Airlines raising checked bag fees: 3 things to know before paying

(NEXSTAR) — Suddenly, the airline passengers who wear seven pairs of pants and four sweaters to avoid extra fees don’t seem quite as silly.

Several major U.S. airlines have raised fees for checked baggage over the last few months, starting with Alaska Airlines in January before JetBlue, American Airlines and United followed suit. The additional fees imposed by these carriers don’t amount to too much more — a $5 increase per bag, in many cases — but the current fee increases may not end with United, one travel expert claimed.

“Airlines tend to move in herds, so when Alaska recently announced they would be upping their bag fee to $35, there was little doubt other airlines would soon follow,” said Scott Keyes, founder of the travel site Going, in a statement to the Associated Press.

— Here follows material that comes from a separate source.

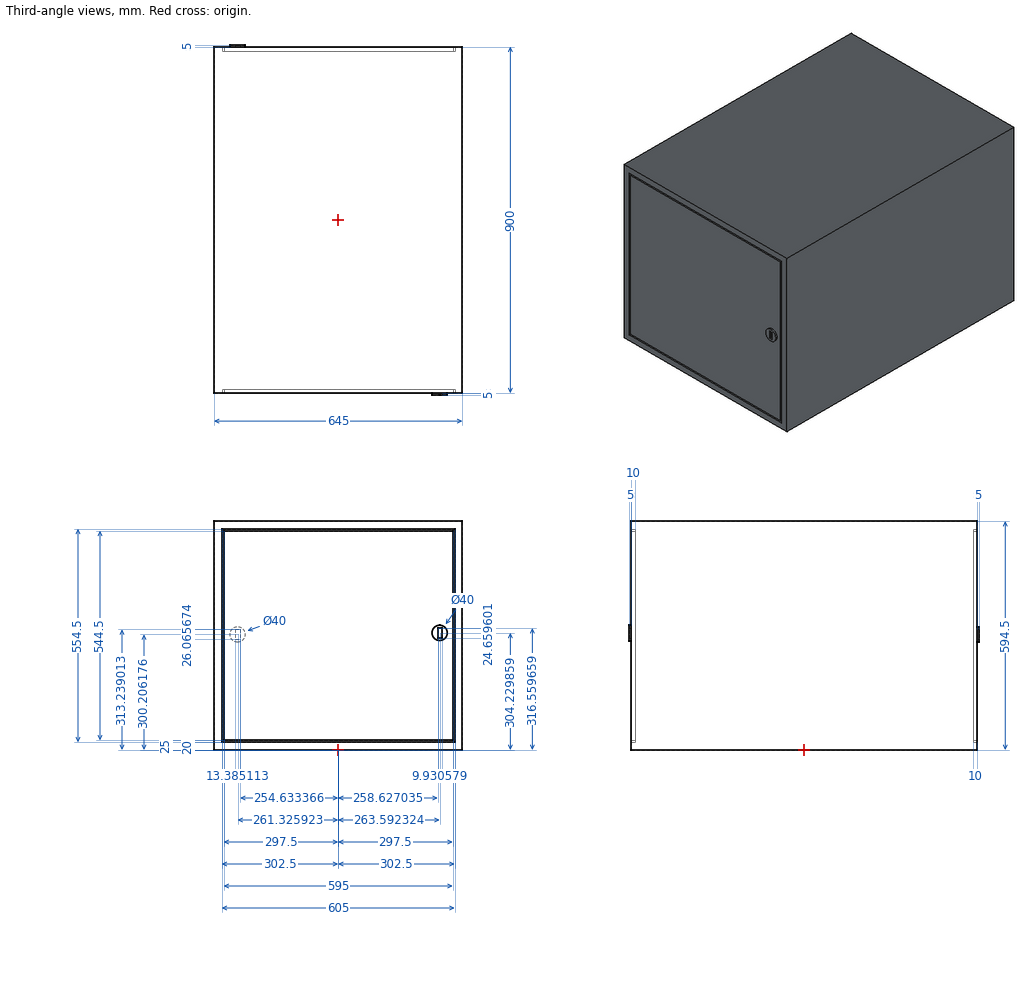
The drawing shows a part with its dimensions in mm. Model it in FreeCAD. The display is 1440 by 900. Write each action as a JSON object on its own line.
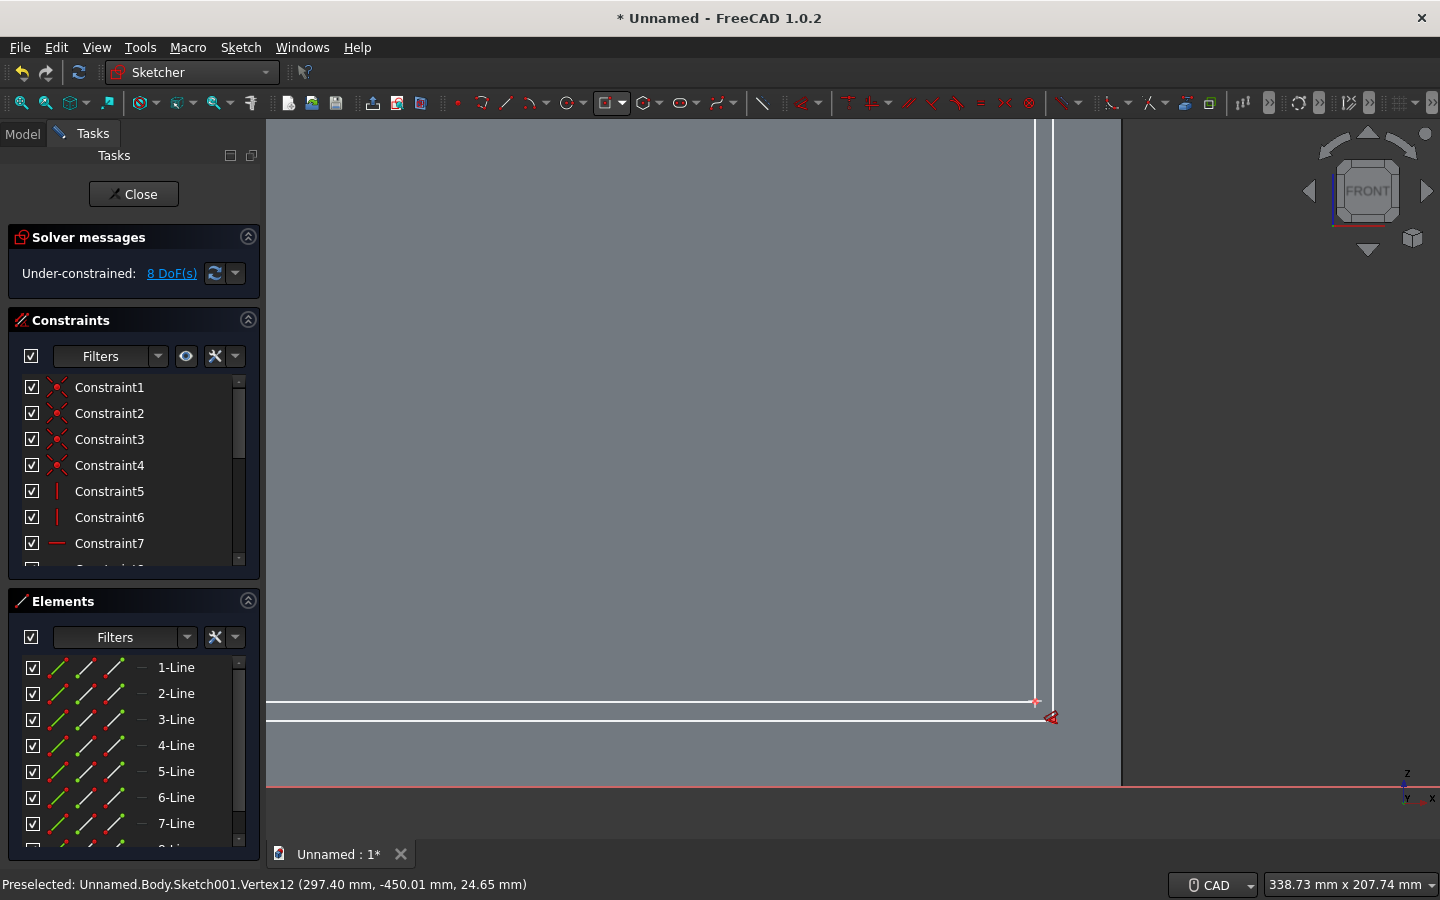
{"action": "left_click", "coordinate": [424, 721]}
{"action": "left_click", "coordinate": [674, 755]}

In 2008, American Airlines became the first U.S. carrier to charge for checked bags as part of a cost-cutting move that prompted one airline consultant to remark that passengers might eventually be required to “pay by the pound” for their tickets, The New York Times reported at the time.

While U.S. airlines haven’t yet resorted to weighing passengers, fees for bags have only risen. In 2008, American’s fee for the first checked bag was only $15, but that amount has more than doubled in the years since.

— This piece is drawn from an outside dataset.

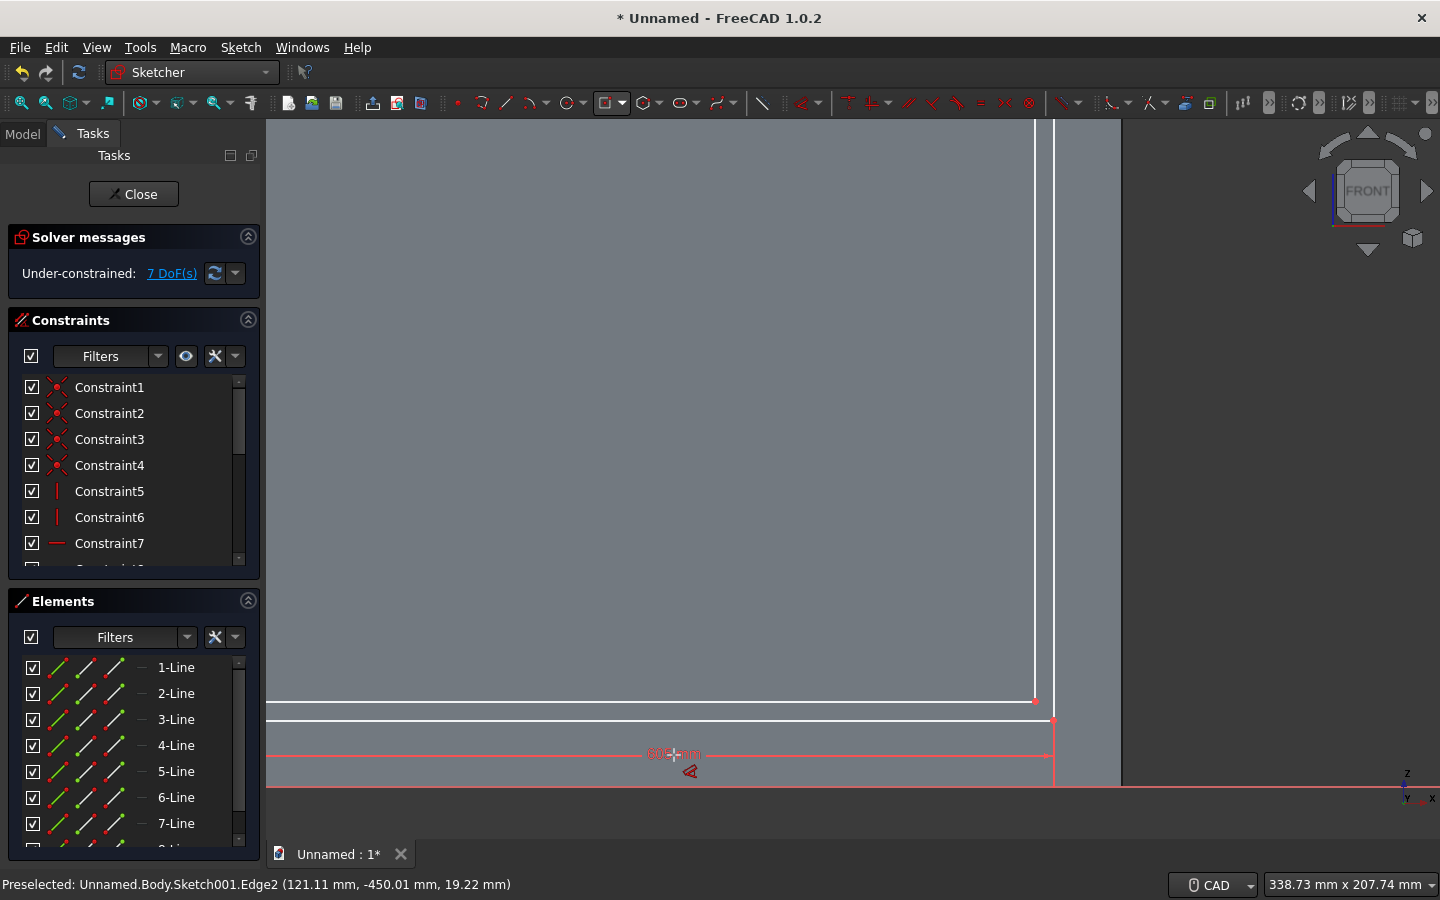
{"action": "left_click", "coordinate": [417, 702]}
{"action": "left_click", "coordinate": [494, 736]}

How much can passengers expect to pay?

Alaska Airlines, in January, raised its checked-baggage fee for most economy customers by $5 across the board, from $30 to $35 for the first bag and $40 to $45 for the second.

JetBlue, too, raised fees for the first and second checked bags to $45 and $60, respectively, but offers a $10 discount (making the final cost $35 or $50, respectively) for those who pay online at least 24 hours before departure.

American Airlines and United operate on similar models, with discounts for passengers who pre-pay 24 hours before their flights. For American, the new checked-bag fee is $40 for the first piece of luggage — or $35 if prepaid — and $45 for a second piece. United is also charging $40 for the first piece — but $35 if prepaid — and $50 for a second piece, which can be discounted to $45 if prepaid online.

Fees will often vary for many international trips, most airlines note. Overweight bags are also subject to additional charges too, though American will be lowering its fees for some overweight or oversize bags as of April.

travelers at United Airlines bag drop
Travelers are seen at a United Airlines check-in counter at Orlando International Airport in Orlando in Sept. 2023. (Paul Hennessy/SOPA Images/LightRocket via Getty Images)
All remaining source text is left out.